Praca i finanse
Raport ONS: Koszty życia w UK rosną szybciej dla najuboższych rodzin, a wolniej dla najbogatszych
Według oficjalnych danych Office for National Statistics (ONS), koszty życia wzrastają szybciej dla najbiedniejszych gospodarstw domowych w Wielkiej Brytanii, a wolniej dla najbogatszych. Uboższe gospodarstwa ratują się gorszej jakości towarami i usługami – wyjaśnia ONS.
Jak podaje "The Guardia", z raportu ONS wynika, że koszty utrzymania wśród najbiedniejszych rodzin w Wielkiej Brytanii wzrosły średnio o 2,7 proc. rocznie w latach 2006-2018, podczas gdy koszt utrzymania wśród gospodarstw najbogatszych wzrósł średnio o 2,3 proc. Z kolei biorąc pod uwagę ogół brytyjskich gospodarstw domowych, koszty utrzymania wzrosły średnio o około 2,4 proc. rocznie w tym samym okresie.
ONS oceniło sposób, w jaki gospodarstwa domowe doświadczają wzrostu cen, w oparciu nabywane towary i usługi. Wzięto przy tym pod uwagę taki czynniki, jak edukacja, miejsce zamieszkania, używane środki transportu, żywność i odzież.
Według ONS różnice w udziale dochodów gospodarstw domowych wydawanych na różne rodzaje towarów i usług były odpowiedzialne za szybszy wzrost kosztów utrzymania biedniejszych gospodarstw domowych. Gospodarstwa domowe o niskich dochodach wydają proporcjonalnie więcej na żywność i napoje – a ceny w tych sektorach wzrosły szybciej niż w innych od 2005 roku.
Gospodarstwa domowe o wysokich dochodach odnotowały wolniejszy wzrost, ponieważ płatności odsetki od kredytów hipotecznych spadły od 2009 roku, kiedy to stopy procentowe zostały obniżone niemal do zera przez Bank Anglii z powodu walki z recesją. Bogatsze rodziny są też bardziej skłonne do zakupu własnego domu, podczas gdy biedniejsze rodziny częściej mieszkają w wynajętych mieszkaniach.

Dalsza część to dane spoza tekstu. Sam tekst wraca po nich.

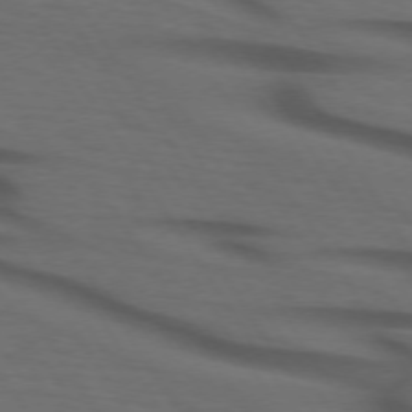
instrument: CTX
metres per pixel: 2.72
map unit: lApd
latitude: 73.7072
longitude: -74.4412
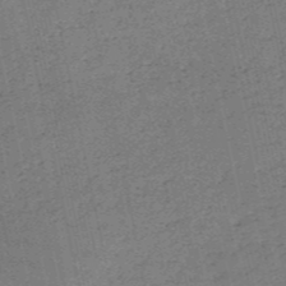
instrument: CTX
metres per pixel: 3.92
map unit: HNb
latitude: -53.7666
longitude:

Różnica w odczuwanym wzroście kosztów utrzymania jest większa, jeśli weźmie się pod uwagę dłuższy okres. Od 2005 roku koszty ponoszone przez gospodarstwa domowe o niskich dochodach wzrosły średnio o 41 proc., natomiast koszty dla gospodarstw domowych o wysokich dochodach wzrosły średnio o 35 proc. – podaje ONS.